ARNOLD: Each percentage point of GDP growth is actually way less than that. That number isn't right. But the promise was clear.
BETSEY STEVENSON: What Donald Trump was talking about there is he believed that the tax cuts would unleash unprecedented investment by businesses that would set forth a stream of growth well into the future.
ARNOLD: That's Betsey Stevenson, a University of Michigan economist who was an adviser in the Obama White House. She says this wave of business investment sparking a new era of remarkable growth, that didn't happen. And in this latest report, spending by businesses actually was particularly weak.
STEVENSON: And that's where the tax cuts have been really disappointing.
ARNOLD: Now, in 2018, the economy did manage about 3% growth. That was better than most of the prior decade, which averaged closer to around 2%. But now, many economists say the trend is heading back down, and they're predicting a return to that more ho-hum rate of growth. Now, 2% versus 3% growth, is that even such a big deal?
STEVENSON: Two to 3%, that sounds like, oh, that's just small.
ARNOLD: Stevenson says, though, it's actually a huge difference. Three percent growth is 50% faster than 2% growth, right?
STEVENSON: Fifty percent faster growth.
ARNOLD: I see. So it's like, you know, driving down the freeway at 40 miles an hour or driving at 60. You're getting where you're going a lot quicker.
STEVENSON: Yeah, that's a great analogy. If you look back over 10 years, you're going to be in a very different place if we were growing at 3% than if we were growing at 2%.
ARNOLD: Meaning more money flowing into businesses, which could lift wages, standard of living. But again, that burst of 3% growth appears to be fizzling. Still, all this is not to say that the economy is terrible.
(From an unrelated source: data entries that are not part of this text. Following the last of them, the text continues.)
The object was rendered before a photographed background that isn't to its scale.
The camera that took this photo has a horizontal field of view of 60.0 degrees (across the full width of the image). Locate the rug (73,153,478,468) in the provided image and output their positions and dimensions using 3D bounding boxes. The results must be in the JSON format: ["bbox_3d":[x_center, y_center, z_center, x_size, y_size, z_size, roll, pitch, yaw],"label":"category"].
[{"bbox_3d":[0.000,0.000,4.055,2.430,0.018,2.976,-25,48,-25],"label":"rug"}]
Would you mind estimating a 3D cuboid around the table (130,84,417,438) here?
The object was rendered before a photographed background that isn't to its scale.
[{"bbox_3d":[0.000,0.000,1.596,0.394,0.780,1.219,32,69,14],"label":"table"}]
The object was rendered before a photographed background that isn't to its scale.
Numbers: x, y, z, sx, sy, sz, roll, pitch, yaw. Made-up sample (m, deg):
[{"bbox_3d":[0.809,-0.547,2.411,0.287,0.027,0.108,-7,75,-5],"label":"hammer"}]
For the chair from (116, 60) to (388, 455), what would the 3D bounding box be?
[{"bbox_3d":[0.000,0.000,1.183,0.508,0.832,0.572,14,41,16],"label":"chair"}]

In fact, most analysts agree that these latest GDP numbers were reassuring, given all the headwinds - slower growth in Europe, trade fights and tariffs. Randy Kroszner is a former governor of the Federal Reserve Board.
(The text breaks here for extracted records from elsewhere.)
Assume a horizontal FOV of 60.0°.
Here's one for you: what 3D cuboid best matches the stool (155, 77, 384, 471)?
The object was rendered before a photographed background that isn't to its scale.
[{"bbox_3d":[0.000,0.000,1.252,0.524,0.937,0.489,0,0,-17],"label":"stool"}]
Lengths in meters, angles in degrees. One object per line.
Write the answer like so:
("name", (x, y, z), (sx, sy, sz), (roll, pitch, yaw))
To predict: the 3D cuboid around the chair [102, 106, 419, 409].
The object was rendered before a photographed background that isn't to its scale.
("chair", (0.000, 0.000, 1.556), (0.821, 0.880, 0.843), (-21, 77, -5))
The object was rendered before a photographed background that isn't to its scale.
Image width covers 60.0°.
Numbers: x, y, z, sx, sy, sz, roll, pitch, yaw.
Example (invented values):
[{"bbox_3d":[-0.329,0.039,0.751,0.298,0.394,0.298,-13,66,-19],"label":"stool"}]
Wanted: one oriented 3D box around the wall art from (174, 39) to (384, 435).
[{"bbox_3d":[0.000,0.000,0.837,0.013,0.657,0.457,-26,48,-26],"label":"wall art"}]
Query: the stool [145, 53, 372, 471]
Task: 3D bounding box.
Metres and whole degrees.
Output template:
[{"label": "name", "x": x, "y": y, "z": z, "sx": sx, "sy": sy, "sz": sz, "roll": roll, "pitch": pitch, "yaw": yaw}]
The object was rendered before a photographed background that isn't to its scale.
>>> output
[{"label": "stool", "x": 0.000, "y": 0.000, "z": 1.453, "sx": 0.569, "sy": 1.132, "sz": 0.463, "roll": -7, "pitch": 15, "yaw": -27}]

RANDY KROSZNER: The GDP report shows that the U.S. economy is growing pretty solidly. There have been lots of concerns that we're about to go off the cliff. No evidence that we're going off the cliff.
ARNOLD: Consumer spending was strong. And even if we are returning to slower growth, Betsey Stevenson says what most people probably care most about is their jobs.
STEVENSON: The labor market is still really strong. Unemployment is low and has been low for a long time. We're starting to see some wage gains. And what's clear is it's a really good time for workers to be finding a job, asking for a raise.
ARNOLD: For his part, President Trump tweeted out, quote, "USA set to zoom." That's probably not the word most economists would use, but the economy appears at least to be in pretty good shape. Chris Arnold, NPR News.